[REQUIREMENT] Extract the whole listing as it stands. Do not include the pictures.

⟨

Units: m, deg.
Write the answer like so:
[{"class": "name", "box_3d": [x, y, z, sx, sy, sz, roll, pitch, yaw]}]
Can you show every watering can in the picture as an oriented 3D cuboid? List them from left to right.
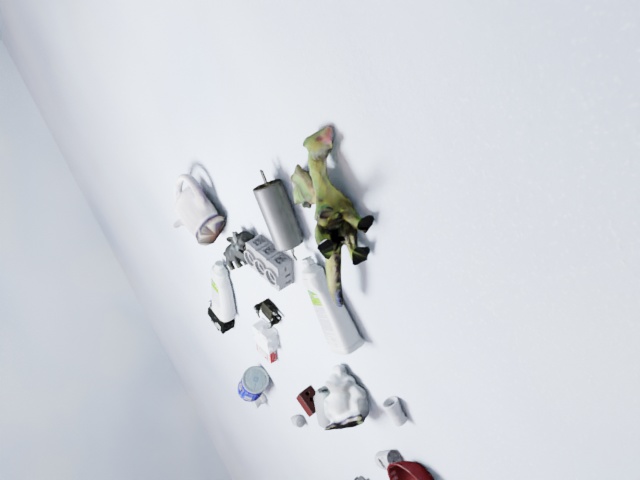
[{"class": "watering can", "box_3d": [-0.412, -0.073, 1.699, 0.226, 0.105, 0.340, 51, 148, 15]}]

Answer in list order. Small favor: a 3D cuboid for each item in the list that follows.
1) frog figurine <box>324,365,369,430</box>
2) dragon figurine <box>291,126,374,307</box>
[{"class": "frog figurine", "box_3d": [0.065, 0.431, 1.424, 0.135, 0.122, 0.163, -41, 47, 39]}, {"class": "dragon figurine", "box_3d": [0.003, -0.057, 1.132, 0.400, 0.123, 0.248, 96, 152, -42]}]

⟩

[TASK RESULT]
Units: m, deg.
Write the answer like so:
[{"class": "name", "box_3d": [x, y, z, sx, sy, sz, roll, pitch, yaw]}]
Can you show every watering can in the picture as an oriented 3D cuboid? List them from left to right.
[{"class": "watering can", "box_3d": [-0.412, -0.073, 1.699, 0.226, 0.105, 0.340, 51, 148, 15]}]

Answer in list order. Small favor: a 3D cuboid for each item in the list that follows.
1) frog figurine <box>324,365,369,430</box>
2) dragon figurine <box>291,126,374,307</box>
[{"class": "frog figurine", "box_3d": [0.065, 0.431, 1.424, 0.135, 0.122, 0.163, -41, 47, 39]}, {"class": "dragon figurine", "box_3d": [0.003, -0.057, 1.132, 0.400, 0.123, 0.248, 96, 152, -42]}]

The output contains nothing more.